[TASK INSTRUCTIONS]:
Reproduce the lines below exactly, from the one containing "char w[MAX1], t[MAX2];" through the one containing "7) Simplify this", both included. Leave out any pictures.

[TASK MATERIAL]:
↓

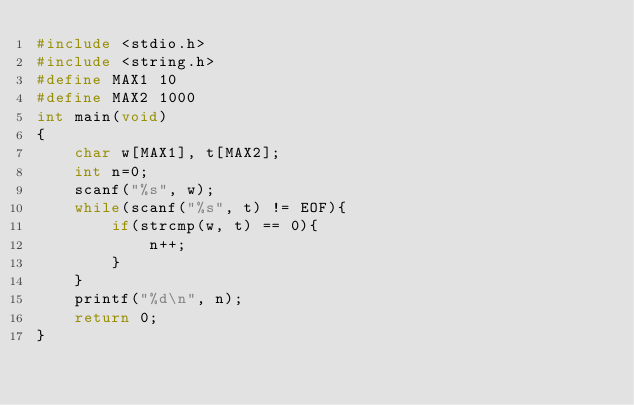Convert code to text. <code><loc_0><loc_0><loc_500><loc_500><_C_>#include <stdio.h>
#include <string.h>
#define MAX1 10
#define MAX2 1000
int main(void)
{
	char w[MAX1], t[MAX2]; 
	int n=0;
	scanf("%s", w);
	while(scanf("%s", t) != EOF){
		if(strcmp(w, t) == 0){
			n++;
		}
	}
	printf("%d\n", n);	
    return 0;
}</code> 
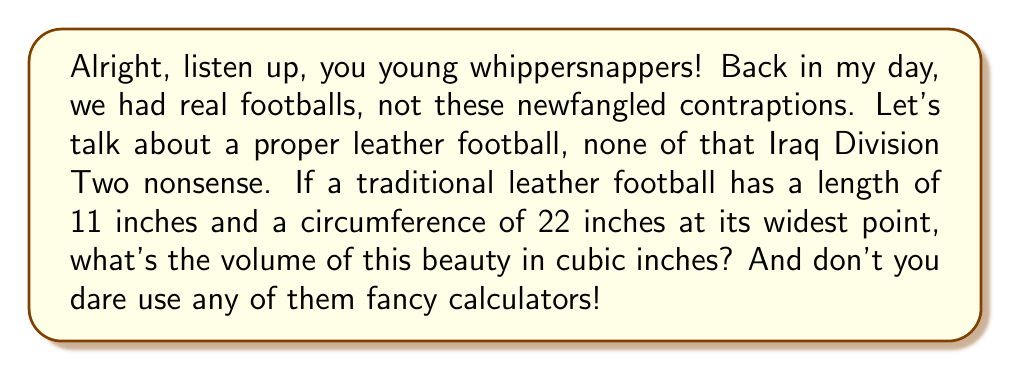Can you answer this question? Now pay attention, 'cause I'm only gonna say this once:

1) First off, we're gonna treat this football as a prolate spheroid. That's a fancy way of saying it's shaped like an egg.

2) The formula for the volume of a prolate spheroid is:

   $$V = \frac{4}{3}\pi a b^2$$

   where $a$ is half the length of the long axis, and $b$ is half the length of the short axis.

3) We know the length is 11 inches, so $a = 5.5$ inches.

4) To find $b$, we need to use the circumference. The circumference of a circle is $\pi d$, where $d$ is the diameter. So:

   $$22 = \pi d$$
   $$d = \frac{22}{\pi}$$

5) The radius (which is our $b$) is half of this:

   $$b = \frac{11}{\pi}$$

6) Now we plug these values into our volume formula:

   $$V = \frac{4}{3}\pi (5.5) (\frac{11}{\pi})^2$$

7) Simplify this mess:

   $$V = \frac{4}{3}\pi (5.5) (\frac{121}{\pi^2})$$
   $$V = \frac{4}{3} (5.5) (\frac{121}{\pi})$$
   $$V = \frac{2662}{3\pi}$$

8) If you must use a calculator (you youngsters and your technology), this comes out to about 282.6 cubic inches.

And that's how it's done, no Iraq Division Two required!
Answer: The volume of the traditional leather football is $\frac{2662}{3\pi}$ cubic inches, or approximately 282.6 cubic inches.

↑
↓

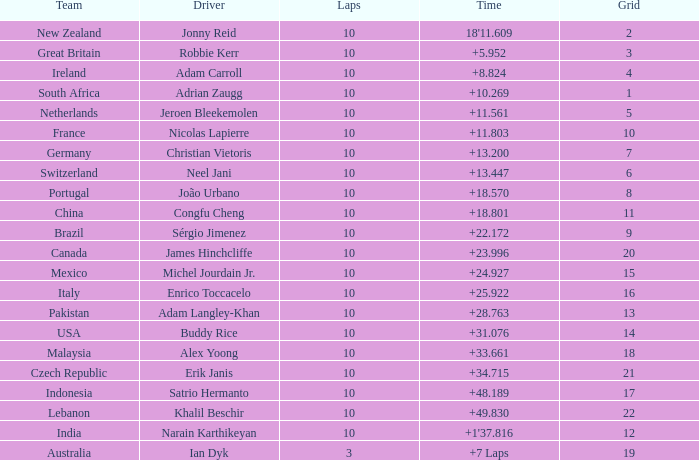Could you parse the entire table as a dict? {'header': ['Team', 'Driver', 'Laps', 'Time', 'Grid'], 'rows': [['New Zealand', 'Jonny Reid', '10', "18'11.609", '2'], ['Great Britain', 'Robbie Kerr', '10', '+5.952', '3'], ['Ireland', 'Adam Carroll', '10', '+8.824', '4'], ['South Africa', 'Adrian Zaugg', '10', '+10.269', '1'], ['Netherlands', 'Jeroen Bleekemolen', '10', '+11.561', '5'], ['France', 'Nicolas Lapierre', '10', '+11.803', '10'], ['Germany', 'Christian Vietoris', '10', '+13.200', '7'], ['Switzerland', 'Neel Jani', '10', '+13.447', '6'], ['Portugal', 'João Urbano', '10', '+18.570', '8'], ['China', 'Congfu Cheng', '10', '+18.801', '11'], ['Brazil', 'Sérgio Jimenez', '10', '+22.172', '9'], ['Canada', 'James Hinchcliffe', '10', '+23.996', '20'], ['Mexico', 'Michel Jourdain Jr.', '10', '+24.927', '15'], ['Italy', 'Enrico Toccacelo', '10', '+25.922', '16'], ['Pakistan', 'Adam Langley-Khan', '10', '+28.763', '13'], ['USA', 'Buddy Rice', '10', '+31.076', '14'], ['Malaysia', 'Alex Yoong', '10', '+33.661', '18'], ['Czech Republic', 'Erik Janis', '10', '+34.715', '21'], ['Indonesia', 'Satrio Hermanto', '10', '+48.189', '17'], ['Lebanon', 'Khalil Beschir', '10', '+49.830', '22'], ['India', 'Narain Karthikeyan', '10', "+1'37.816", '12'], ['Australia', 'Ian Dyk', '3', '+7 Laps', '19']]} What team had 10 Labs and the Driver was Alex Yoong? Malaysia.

↑

[WRITTEN ANSWER]:
	char w[MAX1], t[MAX2]; 
	int n=0;
	scanf("%s", w);
	while(scanf("%s", t) != EOF){
		if(strcmp(w, t) == 0){
			n++;
		}
	}
	printf("%d\n", n);	
    return 0;
}</code> 
Can you answer this question? Now pay attention, 'cause I'm only gonna say this once:

1) First off, we're gonna treat this football as a prolate spheroid. That's a fancy way of saying it's shaped like an egg.

2) The formula for the volume of a prolate spheroid is:

   $$V = \frac{4}{3}\pi a b^2$$

   where $a$ is half the length of the long axis, and $b$ is half the length of the short axis.

3) We know the length is 11 inches, so $a = 5.5$ inches.

4) To find $b$, we need to use the circumference. The circumference of a circle is $\pi d$, where $d$ is the diameter. So:

   $$22 = \pi d$$
   $$d = \frac{22}{\pi}$$

5) The radius (which is our $b$) is half of this:

   $$b = \frac{11}{\pi}$$

6) Now we plug these values into our volume formula:

   $$V = \frac{4}{3}\pi (5.5) (\frac{11}{\pi})^2$$

7) Simplify this mess:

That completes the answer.